Mais pour commencer et avant d'aller plus en avant dans la réflexion, le livre fait allusion à cette réalité très vieille de ce qui était appelé l'iconoclasme, le vandalisme puis aujourd'hui la cancel culture. Qui annule quoi ? rappelle que c'est vite oublié l'aspect politique qu'a pris cette pratique du vandalisme de certaines statues de personnages pour le moins discutables de nos jours. C'est aussi omettre, comme le rappelle Laure Murat, en parlant du travail de Jacqueline Lalouette, qu'en 1792 l'Assemblée législative, juste avant la Première République, ordonne la destruction des statues des rois parce que ces derniers sont devenus symboles inadéquats aux valeurs progressistes de la Révolution. C'est alors quand même un comble que ce soit principalement des révisionnistes, des points de vue réactionnaires, ou encore conservateurs, qui parlent de cancel culture, d'effacement, de méconnaissance voire d'oubli d'une histoire, un réelle matière, une matière vue comme objective alors même que l'on silencie des pans entiers de l'Histoire, dans l'éducation notamment, aux dépends des minorités sexuelles, minorités de genre, de race, etc.
Car qui annule qui ou quoi ? Du jour où le footballeur Colin Kaepernick s'est agenouillé en 2016 pendant l'hymne américain pour protester contre les violences policières envers les minorités, il n'a plus été admis à jouer dans aucune équipe de la NFL. Et que dire de ces femmes innombrables, violées, harcelées ou qui ont été renvoyées pour avoir refusé une faveur sexuelle à leur employeur ? Annulées, elles aussi, en silence, sans autre pouvoir que de dire, un jour, sur les réseaux sociaux et en guise de dernier recours : Moi aussi.

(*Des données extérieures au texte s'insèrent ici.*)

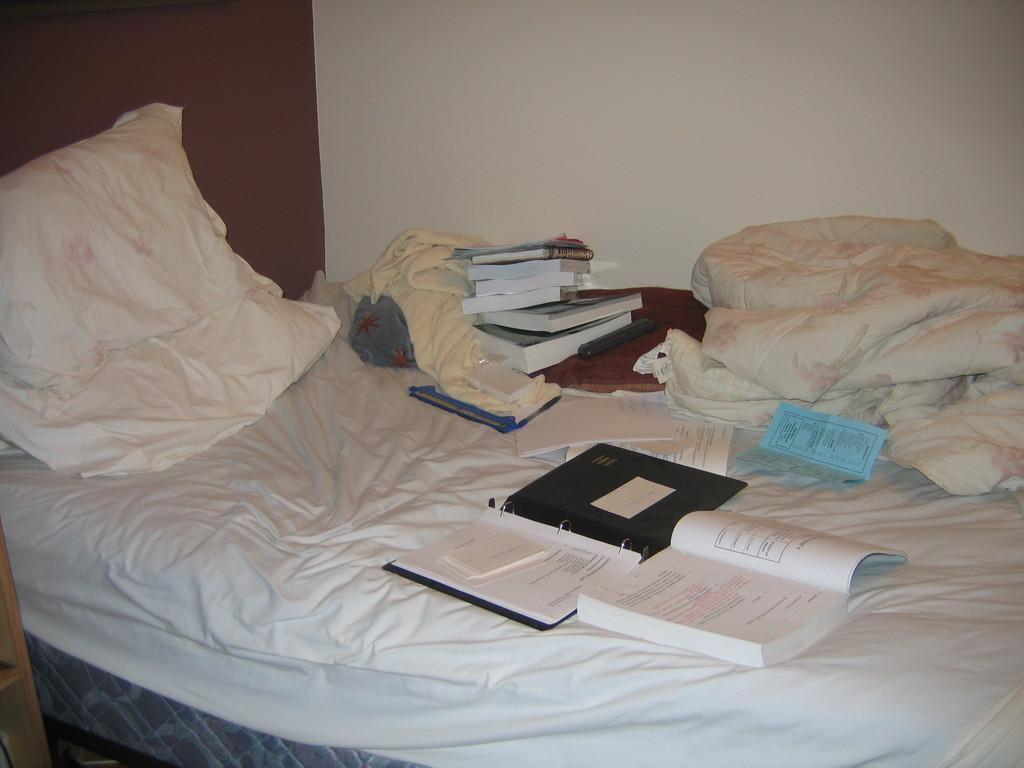What piece of furniture is in the image? There is a bed in the image. What is on top of the bed? There is a pillow on the bed. What else can be seen in the image besides the bed and pillow? Clothes, books, and other objects are present in the image. What is visible in the background of the image? There is a wall in the background of the image. Can you see a fang in the image? There is no fang present in the image. Is there a playground visible in the image? There is no playground visible in the image.

Quoi qu'il en soit, pour en revenir à cet ordre de détruire les symboles de la royauté et à toute cette histoire du vandalisme, que l'on souscrive ou pas à tout ce que la Révolution a donné, cela montre que seul l'Etat est en possession de censurer et de contrôler vraiment l'espace public (et peut-être, dans notre société néolibérale, les grandes entreprises ?). Bref, tout ça a le mérite de nous rappeler que la pratique n'est pas récente, qu'elle a pris des formes différentes dans l'Histoire, et qu'elle n'est pas non plus dotée du même sens aujourd'hui. En effet, elle n'est plus la simple idée de vandalisme dans l'histoire de cette pratique, déconnectée de toute conscience politique nuancée et réfléchie, très loin finalement de cette méconnaissance de l'histoire qu'on attribue souvent aux « wokistes ».
Ce qu'une statue ne peut jamais faire, c'est rendre intelligibles l'ambiguïté et les contradictions d'un temps donné.
Mais Murat va plus loin que la légitimation du fait de vouloir défaire l'espace public de symboles violents à de nombreuses personnes. Elle propose de déplacer le débat, en remettant en cause l'idée même d'ériger des statues au nom d'une conception très dix-neuvièmiste et vieillissante des « héros » :
Quand l'histoire s'est débarrassée depuis belle lurette de la figure du « héros », qu'elle a envisagé les classes, les groupes, les genres, les paysages, le climat, la culture, les mentalités, l'ego ou la micro-histoire, qu'elle s'est faite internationale, mondiale, globale, n'est-il pas temps de traduire, dans l'espace public, les nouvelles préoccupations historiennes et historiques ? Plutôt que d'en rester au culte du grand homme, à la figuration obligatoire de l'homme blanc triomphant, aborder le XXIe siècle avec davantage d'imagination ?
C'est un réel appel à l'Art pour le remettre au cœur de notre quotidien.
Voilà, j'en ai déjà dit beaucoup (trop) pour un livre aussi court mais je vous conseille vivement d'en faire la lecture (de moins d'une heure en plus!) si vous êtes dubitatifs, perplexes ou au début de vos réflexions sur la question.